In order to successfully analyze AC circuits, we need to work with mathematical objects and techniques capable of representing these multi-dimensional quantities. Here is where we need to abandon scalar numbers for something better suited: *complex numbers*. Just like the example of giving directions from one city to another, AC quantities in a single-frequency circuit have both amplitude (analogy: distance) and phase shift (analogy: direction). A complex number is a single mathematical quantity able to express these two dimensions of amplitude and phase shift at once.

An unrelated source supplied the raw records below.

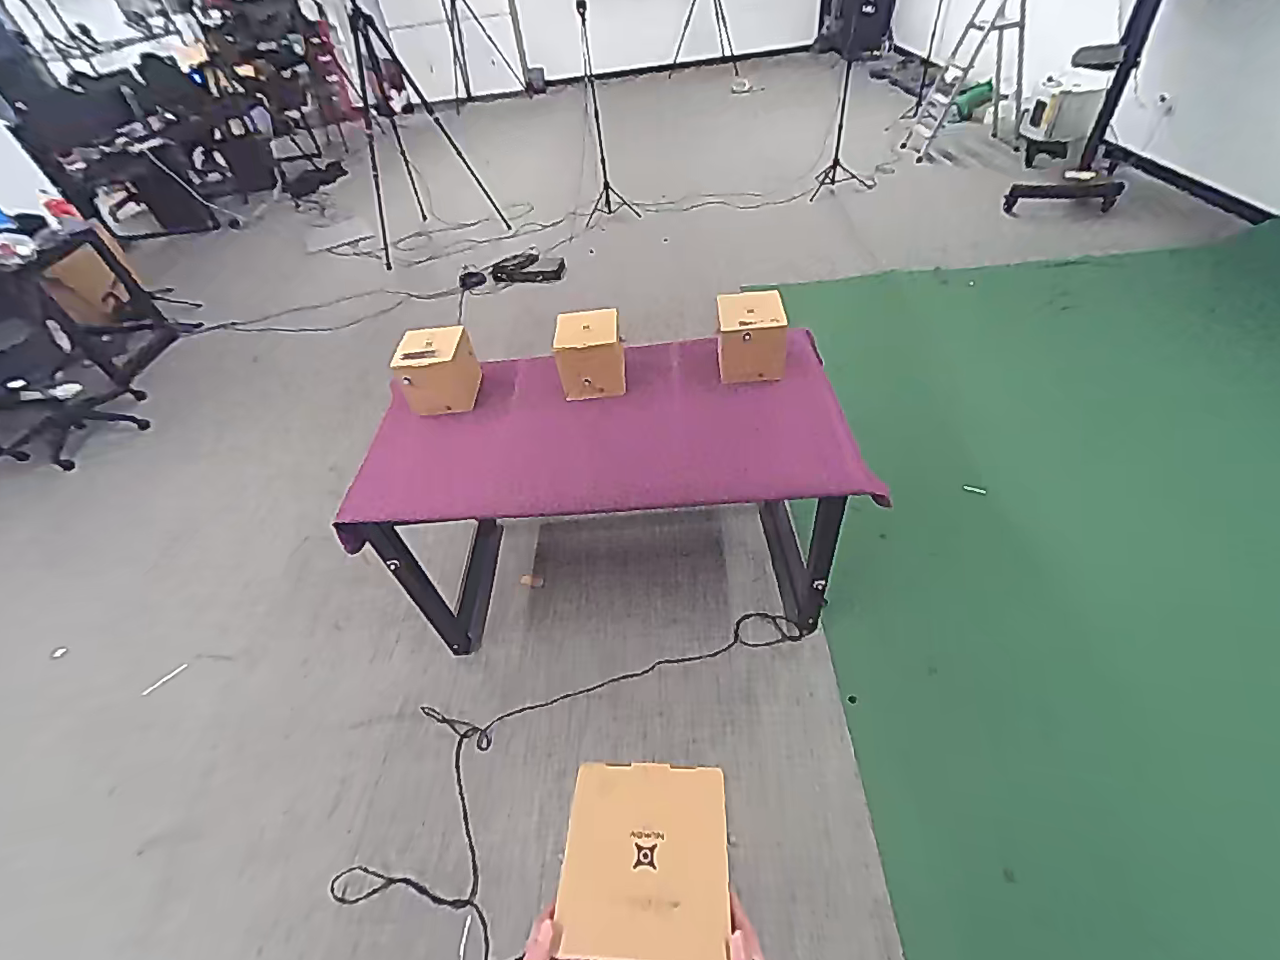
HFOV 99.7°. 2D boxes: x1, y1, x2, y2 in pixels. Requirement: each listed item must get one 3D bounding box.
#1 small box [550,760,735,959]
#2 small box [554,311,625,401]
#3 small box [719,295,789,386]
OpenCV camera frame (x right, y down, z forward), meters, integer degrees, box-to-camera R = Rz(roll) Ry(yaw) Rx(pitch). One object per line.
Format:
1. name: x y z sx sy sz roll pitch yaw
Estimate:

Complex numbers are easier to grasp when they’re represented graphically. If I draw a line with a certain length (magnitude) and angle (direction), I have a graphic representation of a complex number which is commonly known in physics as a *vector*: (Figure

*A vector has both magnitude and direction.*

Like distances and directions on a map, there must be some common frame of reference for angle figures to have any meaning. In this case, directly right is considered to be 0^{o}, and angles are counted in a positive direction going counter-clockwise: (Figure

*The vector compass*

The idea of representing a number in graphical form is nothing new. We all learnd this in grade school with the “number line:” (Figure )

*Number line.*

We even learned how addition and subtraction works by seeing how lengths (magnitudes) stacked up to give a final answer: (Figure

*Addition on a “number line”.*

Later, we learned that there were ways to designate the values *between* the whole numbers marked on the line. These were fractional or decimal quantities: (Figure

*Locating a fraction on the “number line”*

Later yet we learned that the number line could extend to the left of zero as well: (Figure

*“Number line” shows both positive and negative numbers.*

These fields of numbers (whole, integer, rational, irrational, real, etc.) learned in grade school share a common trait: they’re all *one-dimensional*. The straightness of the number line illustrates this graphically. You can move up or down the number line, but all “motion” along that line is restricted to a single axis (horizontal). One-dimensional, scalar numbers are perfectly adequate for counting beads, representing weight, or measuring DC battery voltage, but they fall short of being able to represent something more complex like the distance *and* direction between two cities, or the amplitude *and* phase of an AC waveform. To represent these kinds of quantities, we need multidimensional representations. In other words, we need a number line that can point in different directions, and that’s exactly what a vector is.

**REVIEW:**

A *scalar* number is the type of mathematical object that people are used to using in everyday life: a one-dimensional quantity like temperature, length, weight, etc.

A *complex number* is a mathematical quantity representing two dimensions of magnitude and direction.

A *vector* is a graphical representation of a complex number. It looks like an arrow, with a starting point, a tip, a definite length, and a definite direction. Sometimes the word *phasor* is used in electrical applications where the angle of the vector represents phase shift between waveforms.